First, we find the Revenue function for the occasional players using the same procedure as above and sum it with the revenue from the serious players. The profit function in this case will be the total revenue - fixed costs. Again, we use the first derivative to find the value of P which maximizes the profit. Calculate the overall profit per week by subtracting the fixed cost from the total revenue.

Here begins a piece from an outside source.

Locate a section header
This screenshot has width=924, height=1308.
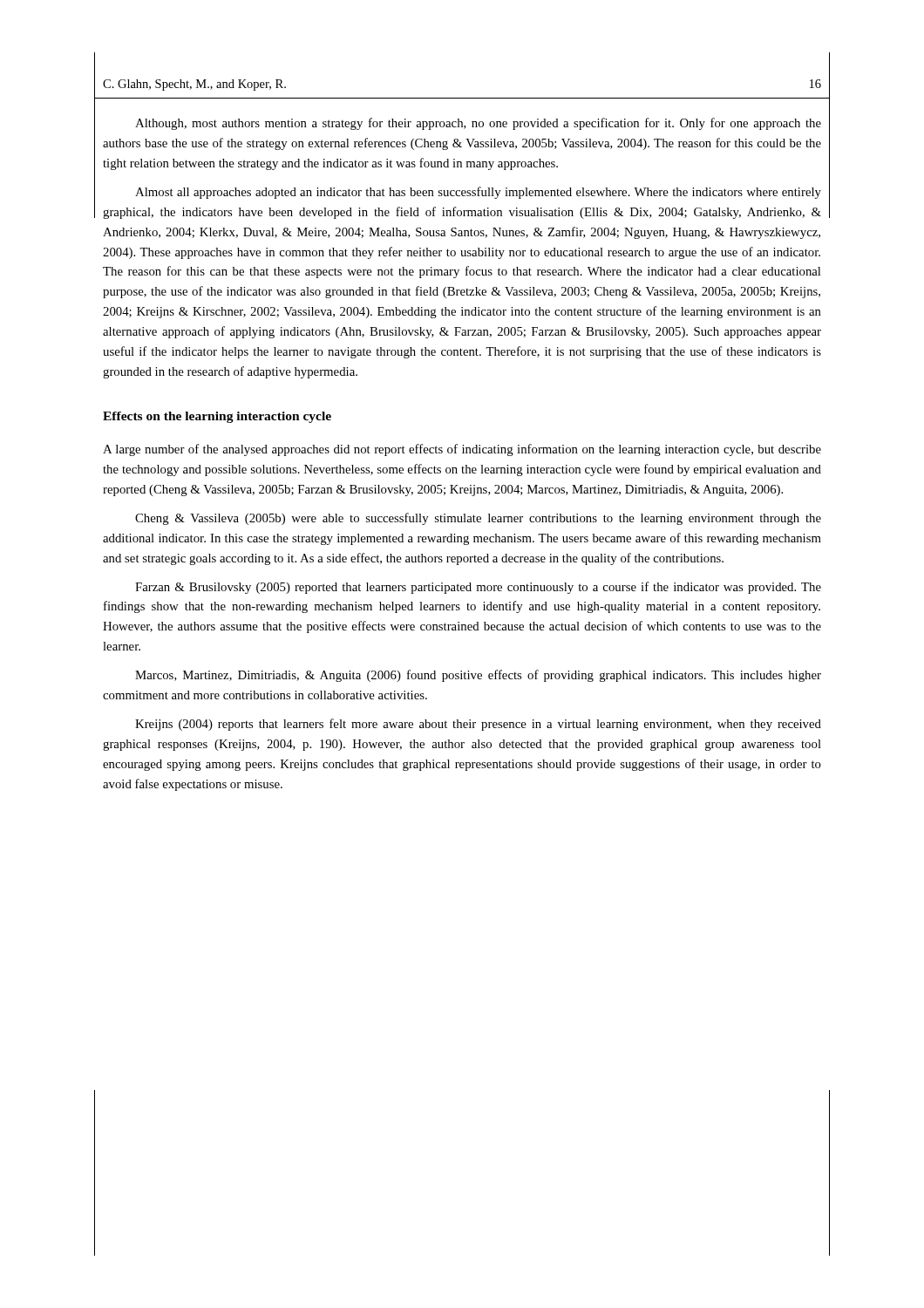coord(217,415)
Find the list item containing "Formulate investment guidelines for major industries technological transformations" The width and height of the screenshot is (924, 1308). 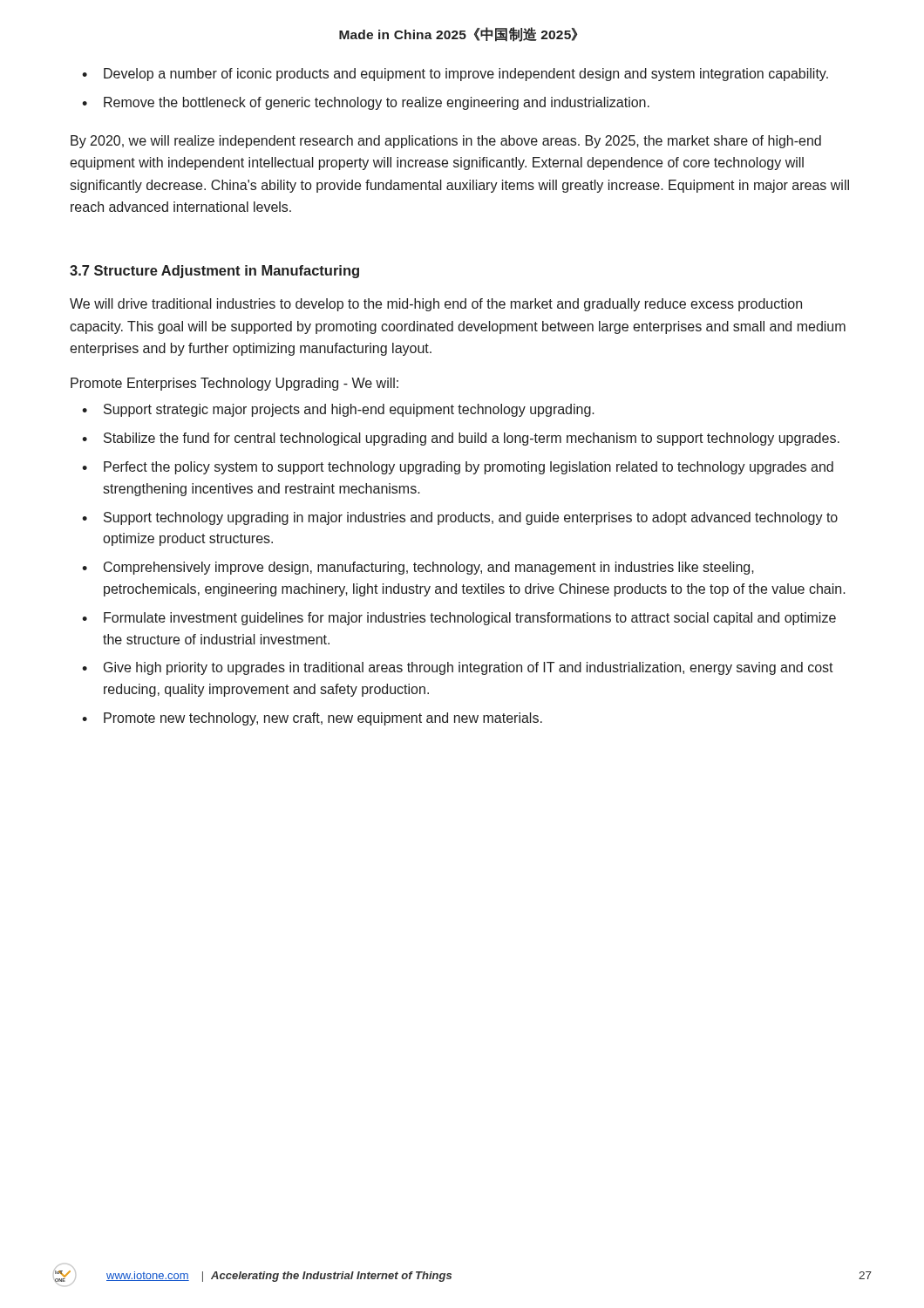470,628

Adjusting to New Membership Demographics

Considering the change in the number of players, we adjust the previous steps to account for the additional serious players. We again find the value of P that maximizes profit and calculate the profit per week as total revenue minus fixed costs. We can then compare that with the profit when catering only to serious players to determine whether it's still profitable to cater to the occasional player.

Key concepts

Demand Curve

Understanding the demand curve is essential in determining how the quantity demanded by consumers changes with price. In this problem, we're looking at two distinct demand curves: one for 'serious' players and another for 'occasional' players. The demand curve for Serious players is represented as \( Q_1 = 10 - P \), where \( Q_1 \) signifies the number of court hours and \( P \) is the fee per hour. As the price per hour increases, the number of hours demanded decreases.
Similarly, for occasional players, the demand curve is \( Q_2 = 4 - 0.25P \). This reveals that occasional players are more sensitive to price changes as they’ll consume fewer hours even with minimal changes in court fees.
An important takeaway here is how demand curves can guide pricing strategies. By understanding these curves, businesses can decide pricing that encourages the desired type of consumer behavior, like attracting more serious players through dues and fees.

Marginal Cost

Marginal cost is the cost of producing one additional unit of a good. In this scenario, since the tennis club has plenty of courts, the marginal cost of court time is zero.
This means any additional hour of play doesn't cost anything extra to the club, aside from the existing fixed costs. Therefore, the club can fully focus on determining membership dues and court fees based on maximizing revenues without worrying about additional costs per extra hour of court time.
The absence of marginal costs simplifies profit maximization since revenue from each additional player hour directly contributes to covering fixed costs and generating profit.

Fixed Costs

Fixed costs are expenses that do not change with the level of goods or services produced, such as rent or salaries. In this exercise, the weekly fixed costs are fixed at $10,000.
Regardless of the number of players or hours played, these costs must be covered through revenue generated from membership dues and court fees.
For a tennis club, effective management of fixed costs is crucial. Keeping them in check while maximizing revenue is key to achieving sustainable profits, given that they don't vary with fluctuations in membership or court usage.

Revenue Function

The revenue function helps show how much income a business can earn from its pricing decisions. For serious players, the revenue function starting with the demand curve \( Q_1 = 10 - P \) is \( R_s = P \times Q_1 = (10 - Q_1) \times Q_1 \). This function represents the earning potential when setting different fees for court hours.
Similarly, by observing the revenue function for occasional players, you can construct a comparable model reflecting their specific demand curve, \( Q_2 = 4 - 0.25P \).
These revenue functions enable an assessment of various pricing strategies. By calculating derivatives, you can determine the optimal pricing to maximize profit, which involves identifying a point where the profit is the highest after considering fixed costs.